Monsieur Bédié vous entendra-t-il avec le siège de son parti qui est actuellement occupé par la Police ?
Je lui demande justement d’avoir une posture nationale, plutôt qu’une posture partisane. Il n’y a jamais eu d’incidents entre les forces de défense et de sécurité et le siège du Pdci-Rda. Il faut reconnaître que depuis le deuxième tour, ce siège a accueilli beaucoup d’activistes du Rdr qui ont fini par attirer l’attention des autorités policières. Ce qui s’est passé n’est pas une action dirigée contre un parti politique, autrement les sièges Pdci du Plateau et de Treichville auraient été visités. C’est une action ponctuelle sur un site donné pour repère d’activistes. Monsieur Bédié peut bien comprendre cela, et se mettre au-dessus de la mêlée pour apporter sa contribution au retour de la paix.

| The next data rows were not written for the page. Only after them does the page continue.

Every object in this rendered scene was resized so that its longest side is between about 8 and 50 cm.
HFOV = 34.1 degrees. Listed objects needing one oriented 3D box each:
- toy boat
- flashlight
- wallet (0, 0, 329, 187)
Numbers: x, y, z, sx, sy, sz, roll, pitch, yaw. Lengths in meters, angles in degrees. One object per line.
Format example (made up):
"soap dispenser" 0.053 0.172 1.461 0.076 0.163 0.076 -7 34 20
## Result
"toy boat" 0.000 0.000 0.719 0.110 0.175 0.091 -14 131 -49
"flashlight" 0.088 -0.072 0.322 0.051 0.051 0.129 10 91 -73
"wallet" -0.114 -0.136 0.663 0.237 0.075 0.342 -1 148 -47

Quel appel lanceriez-vous aux Ivoiriens devant cette situation qui perdure?
J’invite les Ivoiriens au calme et surtout à la sérénité parce que Dieu est au contrôle. La Côte d’Ivoire reste une terre de paix. Mais cette paix, nous n’arriverons à la préserver qu’en nous considérant comme les enfants d’une même patrie. Restons à l’écoute du Président Laurent Gbagbo. Ce n’est pas son fauteuil qui est en jeu. C’est notre souveraineté qui est attaquée. Il a déjà tendu la main à l’opposition. Celle-ci doit prendre la pleine mesure de la situation et jouer elle aussi sa partition pour que nous retrouvions la paix.
Les élections ont eu lieu en 2010, et nous sommes aujourd’hui en 2011. Pensez-vous que cette crise s’installera dans la durée ?
Cela dépendra de nos capacités respectives à comprendre que personne ne règlera nos problèmes à notre place. La question que vous me posez me permet de rebondir sur la nouvelle année qui arrive. Mais avant, je voudrais exprimer toute ma compassion aux familles endeuillées par cette nouvelle crise. Je m’associe à tous ceux qui pour avoir placé un espoir en cette élection comme sortie de crise, sont aujourd’hui meurtris et attristés par tout ce qui se passe. A tous ceux-là, j’aimerais dire que demain sera meilleur, parce qu’il faut que demain soit meilleur. Je voudrais donc souhaiter une bonne et heureuse année à tous les Ivoiriens (…) Je l’ai dit et je le répète aucun pays n’a pu véritablement se consacrer à son développement sans avoir gagné le combat de la liberté. 2011 nous y aidera, parce que notre génération doit pouvoir mener le combat de son époque : celui de la liberté, condition sine qu non du
développement. A toutes et à tous, je souhaite une bonne et heureuse année 2011.